つまり「枚挙にいとまがない」とは「ひとつひとつ数えあげるほどのひまがない」という意味。「数えられないほど多いさま」を指しています。
「枚挙にいとまがない」の使い方と例文
「枚挙にいとまがない」は、いい意味にも悪い意味にも用いられます。例文を短く紹介しますので順番に見ていきましょう。
・いい意味での使い方
「この商品のいいところは枚挙にいとまがない」
「枚挙にいとまがないほど、彼の復帰を待ち望む声が寄せられた」
・悪い意味での使い方
「同様の失敗例は枚挙にいとまがない」
「彼が起こしたミスは枚挙にいとまがないほどだ」
「枚挙にいとまがない」の類語
ここからは「枚挙にいとまがない」の類語を紹介していきます。シーンに合わせて使い分けてみましょう。
「数えるときりがない」
「数えるときりがない」は「枚挙にいとまがない」と同じ意味。そのまま置き換えて使います。
・例文
「数えるときりがないくらいの失敗をしてきた」
「君に対する不満は数えるときりがないほどだ」
「腐るほどある」
「腐るほどある」は、「消費し切れず腐らせてしまうくらいたくさんある」という意味の言葉です。たくさんある様子を表す言葉なので、「枚挙にいとまがない」の類語として使えます。
・例文
「取り組まなければならない問題は腐るほどある」
「同じようなゲームは腐るほどあるよ」
ただし、「腐る」という言葉はあまりイメージのいい言葉ではありません。「いらないもの、余分なもの」というマイナスな意味を含むので、ビジネスシーンではあまり使わないほうがよいでしょう。
「星の数ほどある」
「星の数ほどある」も、数がとても多いことを例えてる言葉です。「枚挙にいとまがない」の類語としてぜひ覚えておきましょう。いい意味にも使われますが、皮肉めいた表現としても使われます。
・例文
「彼女の素敵なところは星の数ほどあるよ」
「この程度のレストランなら星の数ほどある」
「ごまんとある」
「ごまんとある」は、「きわめてたくさんあるさま、山ほどあるさま」を指します。

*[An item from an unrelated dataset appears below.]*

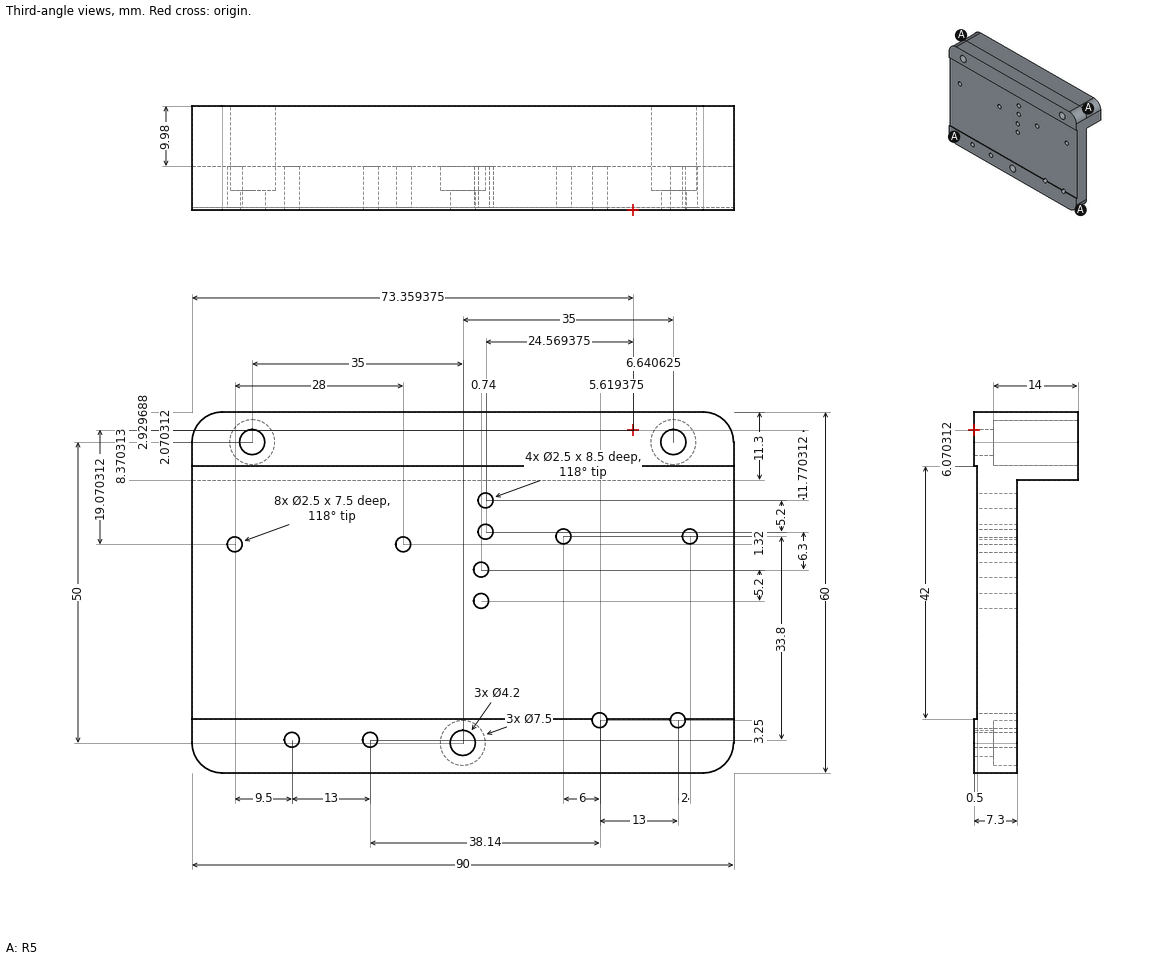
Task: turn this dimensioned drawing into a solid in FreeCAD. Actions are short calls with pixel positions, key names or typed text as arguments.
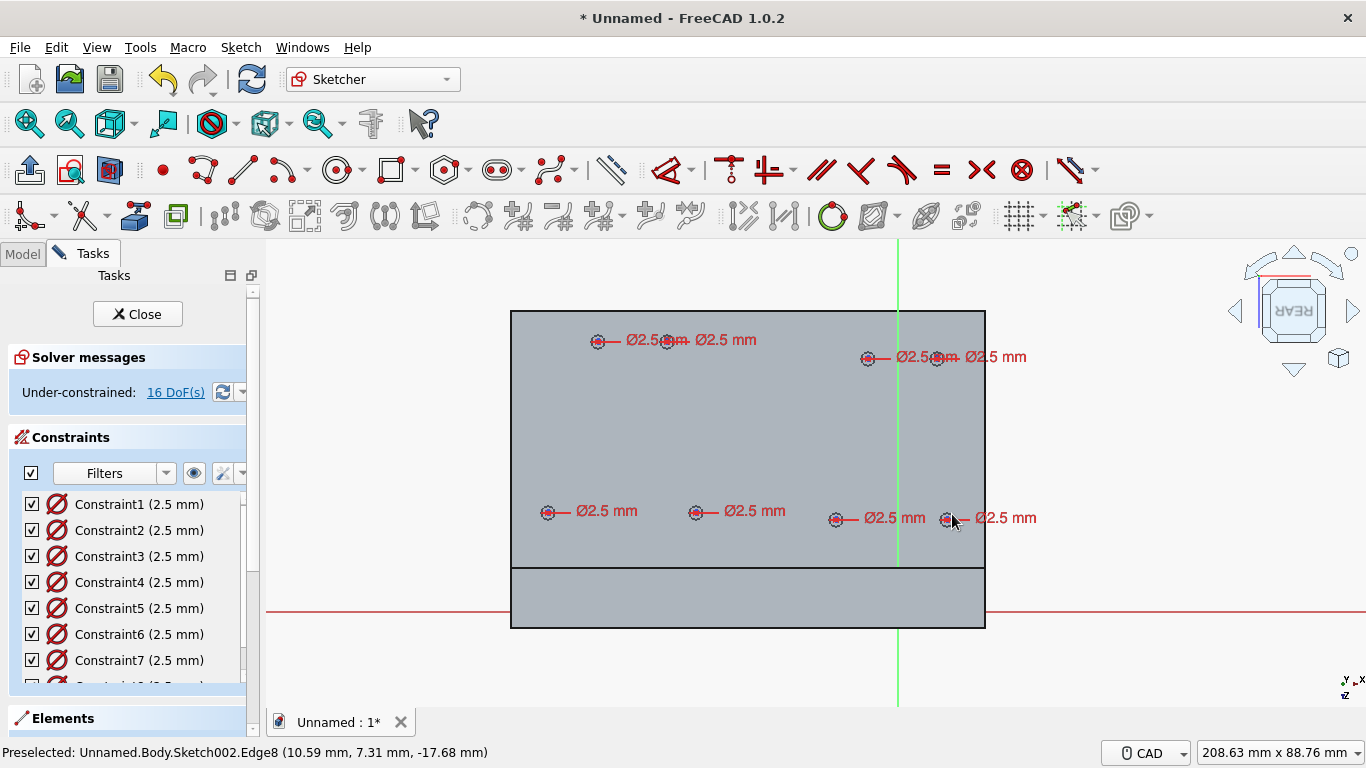
click(666, 170)

平仮名で表記します。
・例文
「彼にはやりたいことがごまんとあったはずだ」
「ごまんといるライバルの中で勝ち抜かなければならない」
「枚挙にいとまがない」の英語表現
「枚挙にいとまがない」の英語表現は「be too numerous to mention」です。「numerous」は「多数の人からなる、非常に多くの」という意味の形容詞で、「mention」は「言及する、挙げる」という意味の動詞です。例文を短く紹介します。
・例
「Similar failures are too numerous to mention.」
(同じような失敗は枚挙にいとまがない)
ほかにも「be too many to count」とも言い換えられます。「count」は「数える」という意味の動詞です。
・例
「There are too many reasons to count.」
(理由は枚挙にいとまがない)
「枚挙にいとまがない」についてマスターしよう
「枚挙にいとまがない」という慣用句について見てきました。「数えきれないほど多いさま」を指し、いい意味にも悪い意味にも使えます。「星の数ほどある」「ごまんとある」などの類語に置き換えられますが、こうした言葉は皮肉めいて使われることもあるので、注意が必要です。
「too numerous」などの英語表現についてもこの機会に覚えて、ビジネスシーンに活用しましょう。